-------- AVAILABLE RECORDS --------

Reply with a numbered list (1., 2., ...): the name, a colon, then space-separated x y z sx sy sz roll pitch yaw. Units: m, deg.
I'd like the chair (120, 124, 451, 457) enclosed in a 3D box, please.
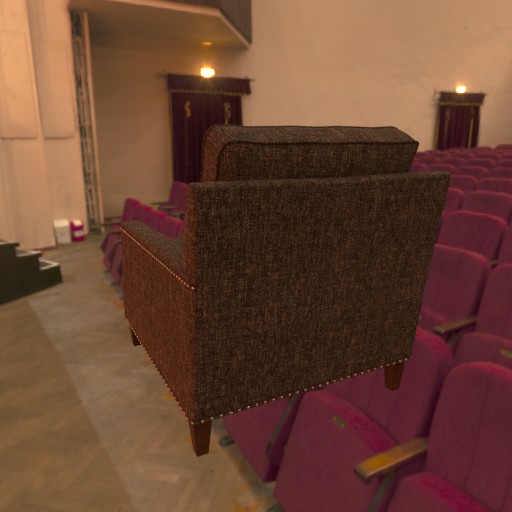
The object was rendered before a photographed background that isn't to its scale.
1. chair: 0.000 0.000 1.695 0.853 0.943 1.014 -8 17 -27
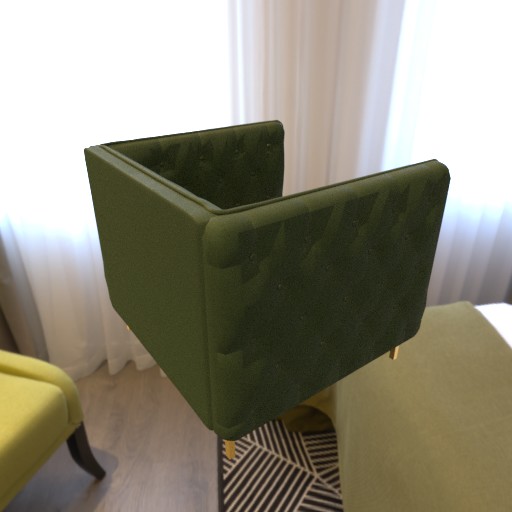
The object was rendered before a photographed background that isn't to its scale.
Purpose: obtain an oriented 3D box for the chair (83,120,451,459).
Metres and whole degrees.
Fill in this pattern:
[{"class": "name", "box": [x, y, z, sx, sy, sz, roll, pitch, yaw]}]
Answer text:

--------

• **REQUIREMENT**
Return every record exactly, without the pictures.

• **EXERCISE SOLUTION**
Reply with a numbered list (1., 2., ...): the name, a colon, then space-separated x y z sx sy sz roll pitch yaw. Units: m, deg.
I'd like the chair (120, 124, 451, 457) enclosed in a 3D box, please.
The object was rendered before a photographed background that isn't to its scale.
1. chair: 0.000 0.000 1.695 0.853 0.943 1.014 -8 17 -27
The object was rendered before a photographed background that isn't to its scale.
Purpose: obtain an oriented 3D box for the chair (83,120,451,459).
Metres and whole degrees.
Fill in this pattern:
[{"class": "name", "box": [x, y, z, sx, sy, sz, roll, pitch, yaw]}]
Answer text:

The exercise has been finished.